*** Stored data ***

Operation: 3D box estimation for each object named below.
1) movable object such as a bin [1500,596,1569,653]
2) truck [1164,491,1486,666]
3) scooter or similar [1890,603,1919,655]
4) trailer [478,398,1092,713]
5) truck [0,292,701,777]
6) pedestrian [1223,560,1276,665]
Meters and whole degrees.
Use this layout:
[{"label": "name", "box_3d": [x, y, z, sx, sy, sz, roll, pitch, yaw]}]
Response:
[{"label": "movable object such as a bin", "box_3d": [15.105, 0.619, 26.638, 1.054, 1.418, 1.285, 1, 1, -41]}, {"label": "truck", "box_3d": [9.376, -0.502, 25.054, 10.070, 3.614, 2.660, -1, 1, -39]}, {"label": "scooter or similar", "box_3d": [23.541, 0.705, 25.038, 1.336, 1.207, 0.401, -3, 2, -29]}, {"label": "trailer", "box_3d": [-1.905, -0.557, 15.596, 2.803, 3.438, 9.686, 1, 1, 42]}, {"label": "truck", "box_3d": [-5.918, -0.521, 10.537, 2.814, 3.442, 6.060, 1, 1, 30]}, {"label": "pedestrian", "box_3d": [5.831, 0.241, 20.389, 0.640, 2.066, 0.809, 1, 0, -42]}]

*** End of Stored data ***

The problem:
Could you write out all the entries exactly as given?

Answer to this problem:
Operation: 3D box estimation for each object named below.
1) movable object such as a bin [1500,596,1569,653]
2) truck [1164,491,1486,666]
3) scooter or similar [1890,603,1919,655]
4) trailer [478,398,1092,713]
5) truck [0,292,701,777]
6) pedestrian [1223,560,1276,665]
Meters and whole degrees.
Use this layout:
[{"label": "name", "box_3d": [x, y, z, sx, sy, sz, roll, pitch, yaw]}]
Response:
[{"label": "movable object such as a bin", "box_3d": [15.105, 0.619, 26.638, 1.054, 1.418, 1.285, 1, 1, -41]}, {"label": "truck", "box_3d": [9.376, -0.502, 25.054, 10.070, 3.614, 2.660, -1, 1, -39]}, {"label": "scooter or similar", "box_3d": [23.541, 0.705, 25.038, 1.336, 1.207, 0.401, -3, 2, -29]}, {"label": "trailer", "box_3d": [-1.905, -0.557, 15.596, 2.803, 3.438, 9.686, 1, 1, 42]}, {"label": "truck", "box_3d": [-5.918, -0.521, 10.537, 2.814, 3.442, 6.060, 1, 1, 30]}, {"label": "pedestrian", "box_3d": [5.831, 0.241, 20.389, 0.640, 2.066, 0.809, 1, 0, -42]}]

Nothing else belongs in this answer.